Quando aquarelas produzidas por Adolf Hitler foram exibidas pela primeira vez, num museu em Viena, nos anos 80, pensei em Oscar Niemeyer. Não pelas formas tradicionais e o tom convencional do jovem de 20 e poucos anos que reproduzia cartões postais em busca de uma vaga na academia de artes. Mas pelo tamanho descomunal dos prédios em relação às pessoas. Como em Oscar Niemeyer, estruturas imensas, algo faraônicas, de amplos espaços vagos, que tornam quase irrelevante a presença humana.
Quando visitei pela primeira e última vez sua última grande obra, a Cidade Administrativa Tancredo Neves, voltei a me lembrar delas e dele e de sua principal criação, Brasília. A mesma onipotência, a solidão de poucas e grandes estruturas equidistantes do homem, separadas por lagos, jardins e amplos espaços vazios, inacessível ou custosas para pessoas que andam a pé.
Desde sempre me incomodou a estranha contradição entre o artista moderno, poeta de formas e autor da mais influente arquitetura do pós-guerra, e o espírito totalitário de sua obra, que enclausura o poder numa torre distante dos comuns. Ou mais: entre o artista assumidamente comunista, e por isso apóstolo do igualitarismo, e o idealizador de espaços que separam claramente o homem do poder.
Ou pensando melhor, hoje: talvez não haja contradição alguma. É próprio de espíritos como o dele acreditar em sistemas totalitários como única condição de impor a igualdade. Mesmo a custo de criar uma casta equidistante em prédios mastodônticos, mesmo ao preço de mandar prender os que pensam diferente. Ou de, em benefício da beleza, produzir prédios desconfortáveis e desfuncionais.

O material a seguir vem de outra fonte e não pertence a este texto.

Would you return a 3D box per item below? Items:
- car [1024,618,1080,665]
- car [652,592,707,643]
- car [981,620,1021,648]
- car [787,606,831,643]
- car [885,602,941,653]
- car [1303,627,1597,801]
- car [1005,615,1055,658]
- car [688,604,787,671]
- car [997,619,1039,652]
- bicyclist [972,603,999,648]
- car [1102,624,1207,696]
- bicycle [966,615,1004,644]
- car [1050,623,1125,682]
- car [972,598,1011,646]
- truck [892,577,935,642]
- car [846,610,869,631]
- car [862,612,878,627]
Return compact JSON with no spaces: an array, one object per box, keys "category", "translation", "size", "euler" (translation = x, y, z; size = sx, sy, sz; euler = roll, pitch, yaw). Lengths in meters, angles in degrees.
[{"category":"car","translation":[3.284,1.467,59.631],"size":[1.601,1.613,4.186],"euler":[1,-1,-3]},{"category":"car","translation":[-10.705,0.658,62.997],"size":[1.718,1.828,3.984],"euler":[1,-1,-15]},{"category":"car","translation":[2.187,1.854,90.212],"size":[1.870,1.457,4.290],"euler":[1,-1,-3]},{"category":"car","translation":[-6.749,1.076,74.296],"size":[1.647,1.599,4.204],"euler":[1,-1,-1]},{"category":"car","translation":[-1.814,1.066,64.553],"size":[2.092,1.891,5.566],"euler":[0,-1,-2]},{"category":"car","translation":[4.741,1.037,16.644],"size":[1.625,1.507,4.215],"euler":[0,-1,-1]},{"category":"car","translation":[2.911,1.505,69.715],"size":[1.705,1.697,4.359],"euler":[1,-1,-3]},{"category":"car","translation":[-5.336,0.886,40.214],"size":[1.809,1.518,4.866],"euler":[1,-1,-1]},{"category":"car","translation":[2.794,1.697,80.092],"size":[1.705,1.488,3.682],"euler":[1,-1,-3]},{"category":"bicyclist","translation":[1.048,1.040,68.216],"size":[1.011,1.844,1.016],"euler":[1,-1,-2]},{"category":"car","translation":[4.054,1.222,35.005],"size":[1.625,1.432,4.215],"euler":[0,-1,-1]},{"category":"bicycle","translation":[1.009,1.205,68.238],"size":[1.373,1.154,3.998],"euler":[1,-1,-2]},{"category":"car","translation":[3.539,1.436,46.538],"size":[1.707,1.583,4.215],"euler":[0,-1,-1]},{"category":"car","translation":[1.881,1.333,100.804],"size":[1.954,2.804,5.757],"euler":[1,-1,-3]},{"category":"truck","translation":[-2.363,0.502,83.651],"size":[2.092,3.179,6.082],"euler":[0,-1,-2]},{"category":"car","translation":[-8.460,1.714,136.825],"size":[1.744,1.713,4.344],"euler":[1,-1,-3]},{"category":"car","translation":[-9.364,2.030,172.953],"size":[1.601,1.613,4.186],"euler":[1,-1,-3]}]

(Fico imaginando o sufoco que deve ser, para quem mora naquele belo prédio de marquises onduladas da Praça da Liberdade, encontrar móveis adequados para suas paredes sem canto. O jornalista Cláudio Humberto, sofrido secretário de Imprensa nos anos que passou no Alvorada durante o governo Collor, lamentava que Niemeyer não tivesse aprendido a desenhar escadas.)
O que de forma alguma reduz a importância de sua obra.
Todas as artes, de Garcia Marquez a Nelson Rodrigues, de Erza Pound a Chico Buarque, estão cheias desses gênios de obras sublimes que defendem um tipo de igualdade imposta de cima para baixo, mesmo com o sacrifício da liberdade.
Ele teve como nenhum outro o tirocínio para explorar as impensáveis possibilidades de curvar o concreto à vontade do arquiteto, assumindo o risco do desconforto. Pintou prédios como quem faz poesia, plantou colunas como flor ou levitou blocos como discos voadores. E influenciou toda a arquitetura a partir de sua prancheta.
Manteve até o fim suas crenças, mesmo que superadas pelo tempo e pelas circunstâncias. Como, mal comparando, um jovem pintor de aquarelas que ainda não sabe o que quer do mundo. Se elas lhe permitiram continuar pensando e fazendo poeticamente sua obra, tudo bem.
João Batista C. Filho diz
Espetacular o seu texto Ramiro, parabéns pela reflexão pois andando por Brasília, ou mesmo visitando a Cidade Administrativa do nosso Estado, sente-se esse distanciamento, que é paradoxal, e coloca a obra de Niemeyr nesse escanteio de Povo x Poder. Que as Aquarelas nos permitam! abç.